Original patch went in without proper review and ACK. It was broken and
confusing to start with and subsequent patches broke it completely.
To give you an idea of what's broken here are some of the issues:
- Very confusing comments throughout the code that imply that the
character device is a network interface in its own right, and that packets
are passed between the two nics. Which is completely wrong.
- Wrong set of ioctls is used for setting up filters. They look like
shortcuts for manipulating state of the tun/tap network interface but
in reality manipulate the state of the TX filter.
- ioctls that were originally used for setting address of the the TX filter
got "fixed" and now set the address of the network interface itself. Which
made filter totaly useless.
- Filtering is done too late. Instead of filtering early on, to avoid
unnecessary wakeups, filtering is done in the read() call.

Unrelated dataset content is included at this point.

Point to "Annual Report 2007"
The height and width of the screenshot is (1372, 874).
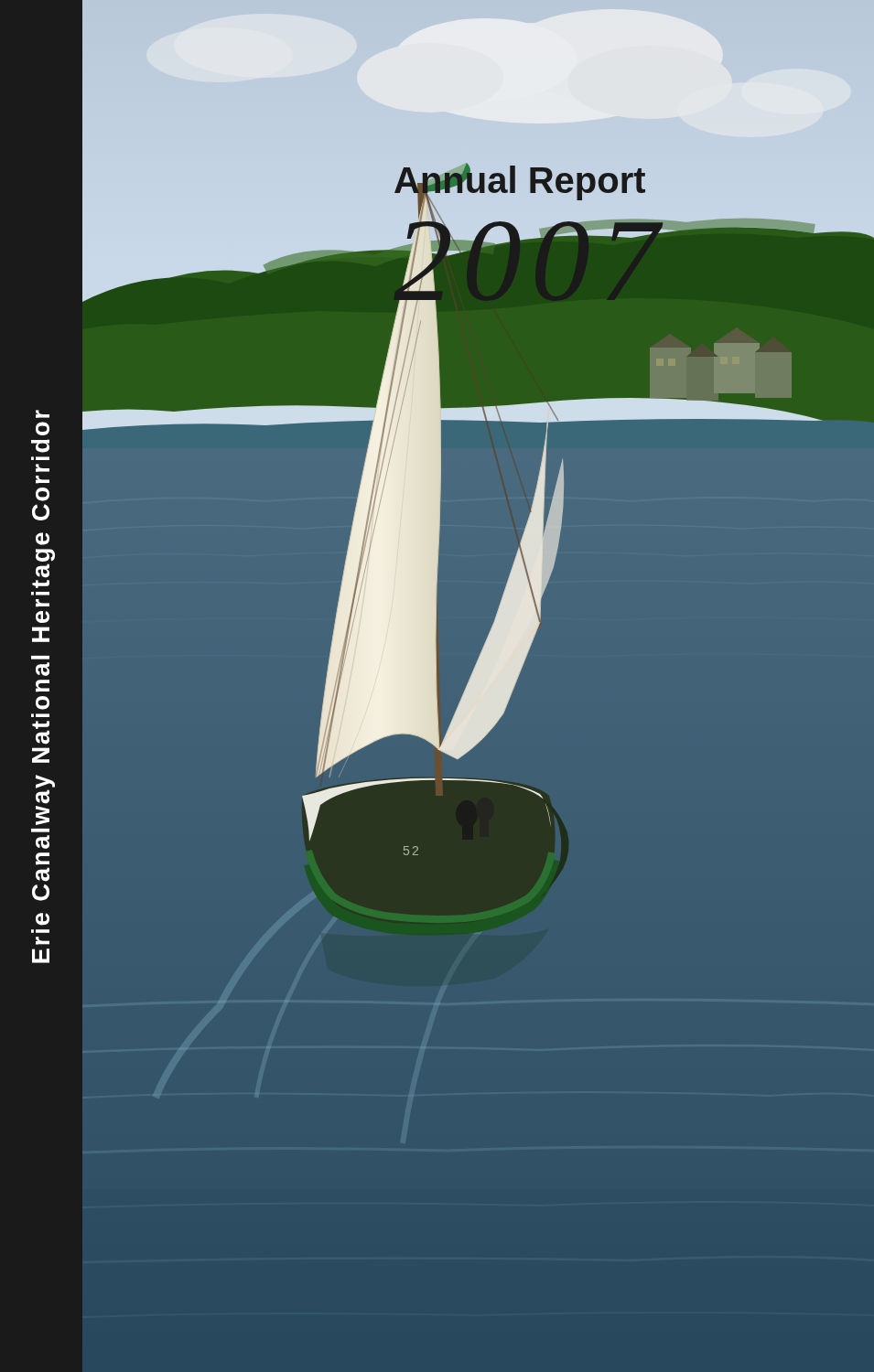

The list goes on and on :)
So the patch cleans all that up. It introduces simple and clean interface for
setting up TX filters (TUNSETTXFILTER + tun_filter spec) and does filtering
before enqueuing the packets.
TX filtering is useful in the scenarios where TAP is part of a bridge, in
which case it gets all broadcast, multicast and potentially other packets when
the bridge is learning. So for example Ethernet tunnelling app may want to
setup TX filters to avoid tunnelling multicast traffic. QEMU and other
hypervisors can push RX filtering that is currently done in the guest into the
host context therefore saving wakeups and unnecessary data transfer.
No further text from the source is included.